Balkonowa wyprawa na Księżyc

Pierwsza wiosenna balkonowa wyprawa na Księżyc już za mną. Pogoda dopisuje na całego więc w ramach odpoczynku od polowań w środku lasu na galaktyki postanowiłem przyjrzeć się z bliska naszemu sąsiadowi który powoduje przypływy i odpływy i ogólnie trzyma w kupie równowagę naszej Ziemi (nie to co somsiad nosacz 😉 )

Stanowisko dowodzenia w ciepłe noce jest bardzo przyjemne, leżaczek, kubeczek i kupa sprzętu astro – pełen luzik:

Na montażu HEQ5 zawisła potężna Synta 8″ która na co dzień służy to fotografowania samolotów (RNAV). Obraz zbierała maleńka kamera QHY5L-IIM którą zwykle używam do guidowania podczas sesji leśnych. Do kilku zdjęć użyłem też soczewki Barlowa (Vixen deluxe x2) która dwukrotnie zwiększa ogniskową Synty.
Wyciąg napędzany był silnikiem krokowym sterowanym focuserem wystruganym przez niezawodnego Dominika (DZIĘ – KU – JĘ!)

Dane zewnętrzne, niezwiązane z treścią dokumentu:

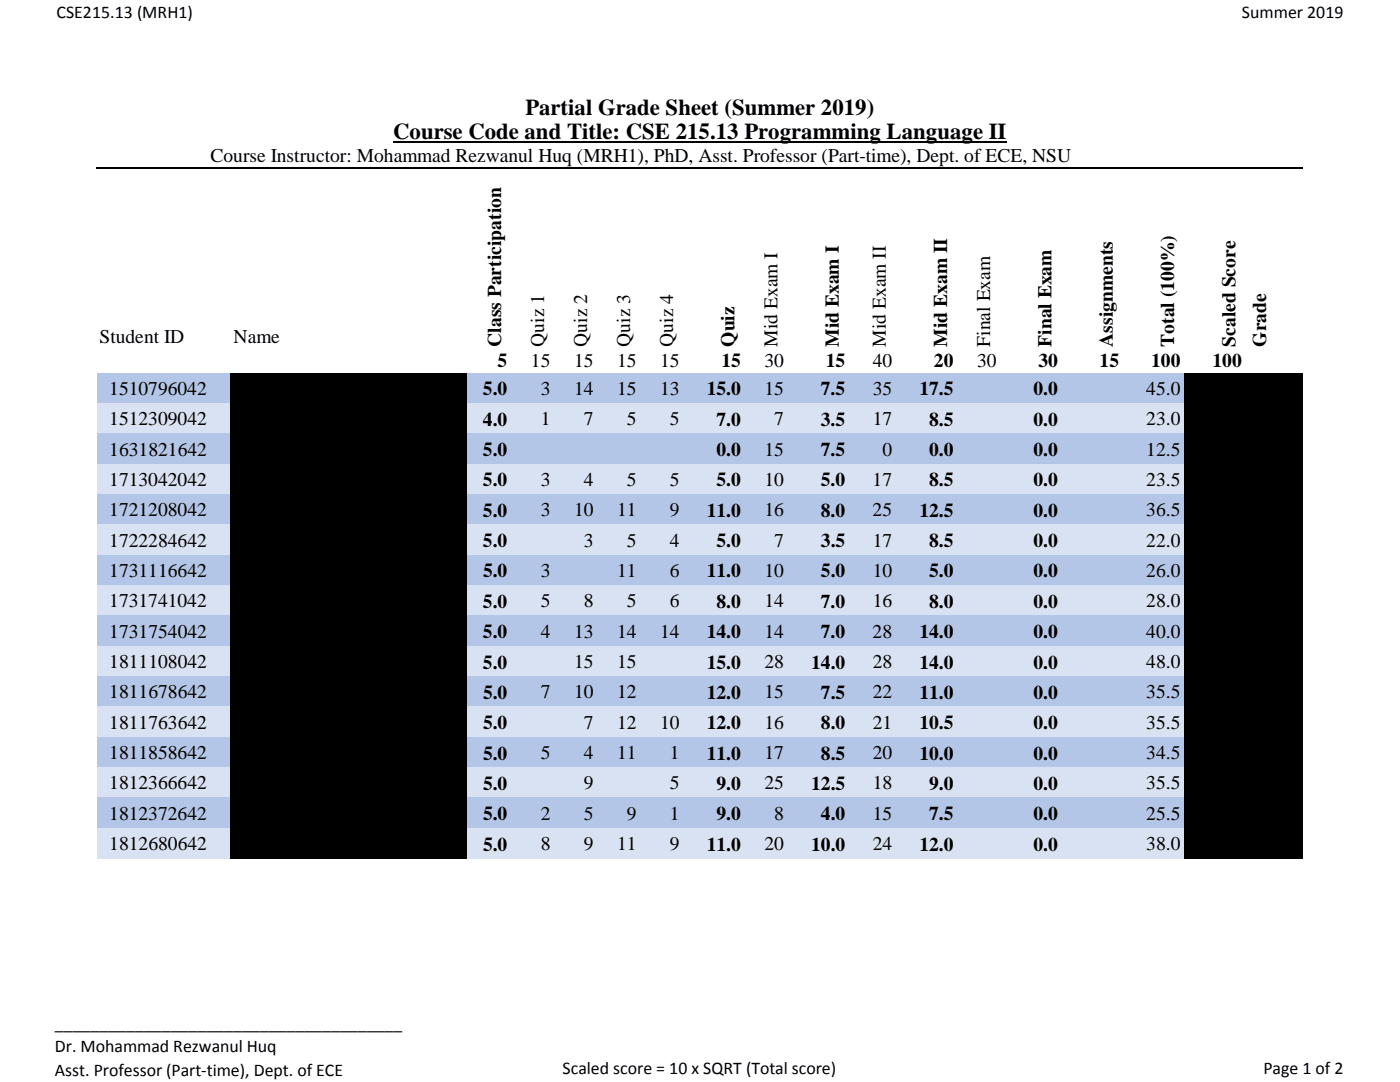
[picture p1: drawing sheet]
<svg xmlns="http://www.w3.org/2000/svg" width="279mm" height="216mm" viewBox="0 0 279 216" stroke-linecap="round" stroke-linejoin="round" font-family="sans-serif">
<defs><g id="words">
<g font-size="4.5">
<text x="104.9" y="22.9">Partial Grade Sheet (Summer 2019)</text>
<text x="78.5" y="27.7">Course Code and Title: CSE 215.13 Programming Language II</text>
</g>
<g font-size="3.9">
<text x="42" y="32.3">Course Instructor: Mohammad Rezwanul Huq (MRH1), PhD, Asst. Professor (Part-time), Dept. of ECE, NSU</text>
<text x="19.9" y="68.4">Student ID</text>
<text x="46.6" y="68.4">Name</text>
<text x="100" y="69.2" transform="rotate(-90 100 69.2)">Class Participation</text>
<text x="108.6" y="69.2" transform="rotate(-90 108.6 69.2)">Quiz 1</text>
<text x="117.2" y="69.2" transform="rotate(-90 117.2 69.2)">Quiz 2</text>
<text x="125.8" y="69.2" transform="rotate(-90 125.8 69.2)">Quiz 3</text>
<text x="134.4" y="69.2" transform="rotate(-90 134.4 69.2)">Quiz 4</text>
<text x="146.6" y="69.2" transform="rotate(-90 146.6 69.2)">Quiz</text>
<text x="155.2" y="69.2" transform="rotate(-90 155.2 69.2)">Mid Exam I</text>
<text x="167.4" y="69.2" transform="rotate(-90 167.4 69.2)">Mid Exam I</text>
<text x="176.8" y="69.2" transform="rotate(-90 176.8 69.2)">Mid Exam II</text>
<text x="189" y="69.2" transform="rotate(-90 189 69.2)">Mid Exam II</text>
<text x="197.6" y="69.2" transform="rotate(-90 197.6 69.2)">Final Exam</text>
<text x="209.8" y="69.2" transform="rotate(-90 209.8 69.2)">Final Exam</text>
<text x="222.1" y="69.2" transform="rotate(-90 222.1 69.2)">Assignments</text>
<text x="234.3" y="69.2" transform="rotate(-90 234.3 69.2)">Total (100%)</text>
<text x="246.5" y="69.2" transform="rotate(-90 246.5 69.2)">Scaled Score</text>
<text x="252.7" y="69.2" transform="rotate(-90 252.7 69.2)">Grade</text>
<text x="99.3" y="73.3">5</text>
<text x="106" y="73.3">15</text>
<text x="114.6" y="73.3">15</text>
<text x="123.1" y="73.3">15</text>
<text x="131.7" y="73.3">15</text>
<text x="144" y="73.3">15</text>
<text x="152.6" y="73.3">30</text>
<text x="164.8" y="73.3">15</text>
<text x="174.2" y="73.3">40</text>
<text x="186.4" y="73.3">20</text>
<text x="195" y="73.3">30</text>
<text x="207.2" y="73.3">30</text>
<text x="219.5" y="73.3">15</text>
<text x="229.7" y="73.3">100</text>
<text x="242" y="73.3">100</text>
<text x="21.8" y="78.8">1510796042</text>
<text x="96.4" y="78.9">5.0</text>
<text x="107.9" y="78.8">3</text>
<text x="114.6" y="78.8">14</text>
<text x="123.1" y="78.8">15</text>
<text x="131.7" y="78.8">13</text>
<text x="141.1" y="78.9">15.0</text>
<text x="152.6" y="78.8">15</text>
<text x="163.8" y="78.9">7.5</text>
<text x="174.2" y="78.8">35</text>
<text x="183.5" y="78.9">17.5</text>
<text x="206.2" y="78.9">0.0</text>
<text x="228.8" y="78.8">45.0</text>
<text x="21.8" y="84.9">1512309042</text>
<text x="96.4" y="85">4.0</text>
<text x="107.9" y="84.9">1</text>
<text x="116.5" y="84.9">7</text>
<text x="125.1" y="84.9">5</text>
<text x="133.7" y="84.9">5</text>
<text x="143" y="85">7.0</text>
<text x="154.5" y="84.9">7</text>
<text x="163.8" y="85">3.5</text>
<text x="174.2" y="84.9">17</text>
<text x="185.4" y="85">8.5</text>
<text x="206.2" y="85">0.0</text>
<text x="228.8" y="84.9">23.0</text>
<text x="21.8" y="90.9">1631821642</text>
<text x="96.4" y="91">5.0</text>
<text x="143" y="91">0.0</text>
<text x="152.6" y="90.9">15</text>
<text x="163.8" y="91">7.5</text>
<text x="176.1" y="90.9">0</text>
<text x="185.4" y="91">0.0</text>
<text x="206.2" y="91">0.0</text>
<text x="228.8" y="90.9">12.5</text>
<text x="21.8" y="97">1713042042</text>
<text x="96.4" y="97.1">5.0</text>
<text x="107.9" y="97">3</text>
<text x="116.5" y="97">4</text>
<text x="125.1" y="97">5</text>
<text x="133.7" y="97">5</text>
<text x="143" y="97.1">5.0</text>
<text x="152.6" y="97">10</text>
<text x="163.8" y="97.1">5.0</text>
<text x="174.2" y="97">17</text>
<text x="185.4" y="97.1">8.5</text>
<text x="206.2" y="97.1">0.0</text>
<text x="228.8" y="97">23.5</text>
<text x="21.8" y="103">1721208042</text>
<text x="96.4" y="103.1">5.0</text>
<text x="107.9" y="103">3</text>
<text x="114.6" y="103">10</text>
<text x="123.1" y="103">11</text>
<text x="133.7" y="103">9</text>
<text x="141.1" y="103.1">11.0</text>
<text x="152.6" y="103">16</text>
<text x="163.8" y="103.1">8.0</text>
<text x="174.2" y="103">25</text>
<text x="183.5" y="103.1">12.5</text>
<text x="206.2" y="103.1">0.0</text>
<text x="228.8" y="103">36.5</text>
<text x="21.8" y="109.1">1722284642</text>
<text x="96.4" y="109.2">5.0</text>
<text x="116.5" y="109.1">3</text>
<text x="125.1" y="109.1">5</text>
<text x="133.7" y="109.1">4</text>
<text x="143" y="109.2">5.0</text>
<text x="154.5" y="109.1">7</text>
<text x="163.8" y="109.2">3.5</text>
<text x="174.2" y="109.1">17</text>
<text x="185.4" y="109.2">8.5</text>
<text x="206.2" y="109.2">0.0</text>
<text x="228.8" y="109.1">22.0</text>
<text x="21.8" y="115.1">1731116642</text>
<text x="96.4" y="115.2">5.0</text>
<text x="107.9" y="115.1">3</text>
<text x="123.1" y="115.1">11</text>
<text x="133.7" y="115.1">6</text>
<text x="141.1" y="115.2">11.0</text>
<text x="152.6" y="115.1">10</text>
<text x="163.8" y="115.2">5.0</text>
<text x="174.2" y="115.1">10</text>
<text x="185.4" y="115.2">5.0</text>
<text x="206.2" y="115.2">0.0</text>
<text x="228.8" y="115.1">26.0</text>
<text x="21.8" y="121.2">1731741042</text>
<text x="96.4" y="121.3">5.0</text>
<text x="107.9" y="121.2">5</text>
<text x="116.5" y="121.2">8</text>
<text x="125.1" y="121.2">5</text>
<text x="133.7" y="121.2">6</text>
<text x="143" y="121.3">8.0</text>
<text x="152.6" y="121.2">14</text>
<text x="163.8" y="121.3">7.0</text>
<text x="174.2" y="121.2">16</text>
<text x="185.4" y="121.3">8.0</text>
<text x="206.2" y="121.3">0.0</text>
<text x="228.8" y="121.2">28.0</text>
<text x="21.8" y="127.3">1731754042</text>
<text x="96.4" y="127.3">5.0</text>
<text x="107.9" y="127.3">4</text>
<text x="114.6" y="127.3">13</text>
<text x="123.1" y="127.3">14</text>
<text x="131.7" y="127.3">14</text>
<text x="141.1" y="127.3">14.0</text>
<text x="152.6" y="127.3">14</text>
<text x="163.8" y="127.3">7.0</text>
<text x="174.2" y="127.3">28</text>
<text x="183.5" y="127.3">14.0</text>
<text x="206.2" y="127.3">0.0</text>
<text x="228.8" y="127.3">40.0</text>
<text x="21.8" y="133.3">1811108042</text>
<text x="96.4" y="133.4">5.0</text>
<text x="114.6" y="133.3">15</text>
<text x="123.1" y="133.3">15</text>
<text x="141.1" y="133.4">15.0</text>
<text x="152.6" y="133.3">28</text>
<text x="161.9" y="133.4">14.0</text>
<text x="174.2" y="133.3">28</text>
<text x="183.5" y="133.4">14.0</text>
<text x="206.2" y="133.4">0.0</text>
<text x="228.8" y="133.3">48.0</text>
<text x="21.8" y="139.4">1811678642</text>
<text x="96.4" y="139.4">5.0</text>
<text x="107.9" y="139.4">7</text>
<text x="114.6" y="139.4">10</text>
<text x="123.1" y="139.4">12</text>
<text x="141.1" y="139.4">12.0</text>
<text x="152.6" y="139.4">15</text>
<text x="163.8" y="139.4">7.5</text>
<text x="174.2" y="139.4">22</text>
<text x="183.5" y="139.4">11.0</text>
<text x="206.2" y="139.4">0.0</text>
<text x="228.8" y="139.4">35.5</text>
<text x="21.8" y="145.4">1811763642</text>
<text x="96.4" y="145.5">5.0</text>
<text x="116.5" y="145.4">7</text>
<text x="123.1" y="145.4">12</text>
<text x="131.7" y="145.4">10</text>
<text x="141.1" y="145.5">12.0</text>
<text x="152.6" y="145.4">16</text>
<text x="163.8" y="145.5">8.0</text>
<text x="174.2" y="145.4">21</text>
<text x="183.5" y="145.5">10.5</text>
<text x="206.2" y="145.5">0.0</text>
<text x="228.8" y="145.4">35.5</text>
<text x="21.8" y="151.5">1811858642</text>
<text x="96.4" y="151.6">5.0</text>
<text x="107.9" y="151.5">5</text>
<text x="116.5" y="151.5">4</text>
<text x="123.1" y="151.5">11</text>
<text x="133.7" y="151.5">1</text>
<text x="141.1" y="151.6">11.0</text>
<text x="152.6" y="151.5">17</text>
<text x="163.8" y="151.6">8.5</text>
<text x="174.2" y="151.5">20</text>
<text x="183.5" y="151.6">10.0</text>
<text x="206.2" y="151.6">0.0</text>
<text x="228.8" y="151.5">34.5</text>
<text x="21.8" y="157.5">1812366642</text>
<text x="96.4" y="157.6">5.0</text>
<text x="116.5" y="157.5">9</text>
<text x="133.7" y="157.5">5</text>
<text x="143" y="157.6">9.0</text>
<text x="152.6" y="157.5">25</text>
<text x="161.9" y="157.6">12.5</text>
<text x="174.2" y="157.5">18</text>
<text x="185.4" y="157.6">9.0</text>
<text x="206.2" y="157.6">0.0</text>
<text x="228.8" y="157.5">35.5</text>
<text x="21.8" y="163.6">1812372642</text>
<text x="96.4" y="163.7">5.0</text>
<text x="107.9" y="163.6">2</text>
<text x="116.5" y="163.6">5</text>
<text x="125.1" y="163.6">9</text>
<text x="133.7" y="163.6">1</text>
<text x="143" y="163.7">9.0</text>
<text x="154.5" y="163.6">8</text>
<text x="163.8" y="163.7">4.0</text>
<text x="174.2" y="163.6">15</text>
<text x="185.4" y="163.7">7.5</text>
<text x="206.2" y="163.7">0.0</text>
<text x="228.8" y="163.6">25.5</text>
<text x="21.8" y="169.6">1812680642</text>
<text x="96.4" y="169.7">5.0</text>
<text x="107.9" y="169.6">8</text>
<text x="116.5" y="169.6">9</text>
<text x="123.1" y="169.6">11</text>
<text x="133.7" y="169.6">9</text>
<text x="141.1" y="169.7">11.0</text>
<text x="152.6" y="169.6">20</text>
<text x="161.9" y="169.7">10.0</text>
<text x="174.2" y="169.6">24</text>
<text x="183.5" y="169.7">12.0</text>
<text x="206.2" y="169.7">0.0</text>
<text x="228.8" y="169.6">38.0</text>
</g>
<g font-size="3.6">
<text x="11.3" y="3.7">CSE215.13 (MRH1)</text>
<text x="247.9" y="3.7">Summer 2019</text>
<text x="11" y="205.3">_______________________________________</text>
<text x="11" y="210">Dr. Mohammad Rezwanul Huq</text>
<text x="11" y="214.6">Asst. Professor (Part‐time), Dept. of ECE</text>
<text x="112.3" y="214.3">Scaled score = 10 x SQRT (Total score)</text>
<text x="252.1" y="214.3">Page 1 of 2</text>
</g>
</g></defs>
<path d="M19.3 74.4h26.7v6.1h-26.7z" fill="#b4c6e7"/>
<path d="M46 74.4h47.3v6.1h-47.3z" fill="#000"/>
<path d="M93.3 74.4h143v6.1h-143z" fill="#b4c6e7"/>
<path d="M236.2 74.4h23.7v6.1h-23.7z" fill="#000"/>
<path d="M19.3 80.5h26.7v6.1h-26.7z" fill="#d9e2f3"/>
<path d="M46 80.5h47.3v6.1h-47.3z" fill="#000"/>
<path d="M93.3 80.5h143v6.1h-143z" fill="#d9e2f3"/>
<path d="M236.2 80.5h23.7v6.1h-23.7z" fill="#000"/>
<path d="M19.3 86.5h26.7v6.1h-26.7z" fill="#b4c6e7"/>
<path d="M46 86.5h47.3v6.1h-47.3z" fill="#000"/>
<path d="M93.3 86.5h143v6.1h-143z" fill="#b4c6e7"/>
<path d="M236.2 86.5h23.7v6.1h-23.7z" fill="#000"/>
<path d="M19.3 92.6h26.7v6.1h-26.7z" fill="#d9e2f3"/>
<path d="M46 92.6h47.3v6.1h-47.3z" fill="#000"/>
<path d="M93.3 92.6h143v6.1h-143z" fill="#d9e2f3"/>
<path d="M236.2 92.6h23.7v6.1h-23.7z" fill="#000"/>
<path d="M19.3 98.6h26.7v6.1h-26.7z" fill="#b4c6e7"/>
<path d="M46 98.6h47.3v6.1h-47.3z" fill="#000"/>
<path d="M93.3 98.6h143v6.1h-143z" fill="#b4c6e7"/>
<path d="M236.2 98.6h23.7v6.1h-23.7z" fill="#000"/>
<path d="M19.3 104.7h26.7v6.1h-26.7z" fill="#d9e2f3"/>
<path d="M46 104.7h47.3v6.1h-47.3z" fill="#000"/>
<path d="M93.3 104.7h143v6.1h-143z" fill="#d9e2f3"/>
<path d="M236.2 104.7h23.7v6.1h-23.7z" fill="#000"/>
<path d="M19.3 110.7h26.7v6.1h-26.7z" fill="#b4c6e7"/>
<path d="M46 110.7h47.3v6.1h-47.3z" fill="#000"/>
<path d="M93.3 110.7h143v6.1h-143z" fill="#b4c6e7"/>
<path d="M236.2 110.7h23.7v6.1h-23.7z" fill="#000"/>
<path d="M19.3 116.8h26.7v6.1h-26.7z" fill="#d9e2f3"/>
<path d="M46 116.8h47.3v6.1h-47.3z" fill="#000"/>
<path d="M93.3 116.8h143v6.1h-143z" fill="#d9e2f3"/>
<path d="M236.2 116.8h23.7v6.1h-23.7z" fill="#000"/>
<path d="M19.3 122.9h26.7v6h-26.7z" fill="#b4c6e7"/>
<path d="M46 122.9h47.3v6h-47.3z" fill="#000"/>
<path d="M93.3 122.9h143v6h-143z" fill="#b4c6e7"/>
<path d="M236.2 122.9h23.7v6h-23.7z" fill="#000"/>
<path d="M19.3 128.9h26.7v6.1h-26.7z" fill="#d9e2f3"/>
<path d="M46 128.9h47.3v6.1h-47.3z" fill="#000"/>
<path d="M93.3 128.9h143v6.1h-143z" fill="#d9e2f3"/>
<path d="M236.2 128.9h23.7v6.1h-23.7z" fill="#000"/>
<path d="M19.3 135h26.7v6.1h-26.7z" fill="#b4c6e7"/>
<path d="M46 135h47.3v6.1h-47.3z" fill="#000"/>
<path d="M93.3 135h143v6.1h-143z" fill="#b4c6e7"/>
<path d="M236.2 135h23.7v6.1h-23.7z" fill="#000"/>
<path d="M19.3 141h26.7v6.1h-26.7z" fill="#d9e2f3"/>
<path d="M46 141h47.3v6.1h-47.3z" fill="#000"/>
<path d="M93.3 141h143v6.1h-143z" fill="#d9e2f3"/>
<path d="M236.2 141h23.7v6.1h-23.7z" fill="#000"/>
<path d="M19.3 147.1h26.7v6.1h-26.7z" fill="#b4c6e7"/>
<path d="M46 147.1h47.3v6.1h-47.3z" fill="#000"/>
<path d="M93.3 147.1h143v6.1h-143z" fill="#b4c6e7"/>
<path d="M236.2 147.1h23.7v6.1h-23.7z" fill="#000"/>
<path d="M19.3 153.1h26.7v6.1h-26.7z" fill="#d9e2f3"/>
<path d="M46 153.1h47.3v6.1h-47.3z" fill="#000"/>
<path d="M93.3 153.1h143v6.1h-143z" fill="#d9e2f3"/>
<path d="M236.2 153.1h23.7v6.1h-23.7z" fill="#000"/>
<path d="M19.3 159.2h26.7v6.1h-26.7z" fill="#b4c6e7"/>
<path d="M46 159.2h47.3v6.1h-47.3z" fill="#000"/>
<path d="M93.3 159.2h143v6.1h-143z" fill="#b4c6e7"/>
<path d="M236.2 159.2h23.7v6.1h-23.7z" fill="#000"/>
<path d="M19.3 165.2h26.7v6.1h-26.7z" fill="#d9e2f3"/>
<path d="M46 165.2h47.3v6.1h-47.3z" fill="#000"/>
<path d="M93.3 165.2h143v6.1h-143z" fill="#d9e2f3"/>
<path d="M236.2 165.2h23.7v6.1h-23.7z" fill="#000"/>
<path d="M78.5 28.4h122.4" fill="none" stroke="#000" stroke-width=".38"/>
<path d="M19.2 33.5h240.7" fill="none" stroke="#000" stroke-width=".3"/>
<use href="#words"/>
</svg>

Soft który widzicie na zdjęciu to kapitalny program do zgrywania obrazów Układu Słonecznego – SharpCap. To kombajn do wszystkiego a do tego darmowy 😉 https://www.sharpcap.co.uk/

Pierwszym celem był region zawierający dwa podobne kratery Atlas i Hercules. Faza Księżyca sprawiała, że kapitalnie układały się cienie na powierzchni naszego satelity a jeszcze lepiej było to widać właśnie na zboczach kraterów.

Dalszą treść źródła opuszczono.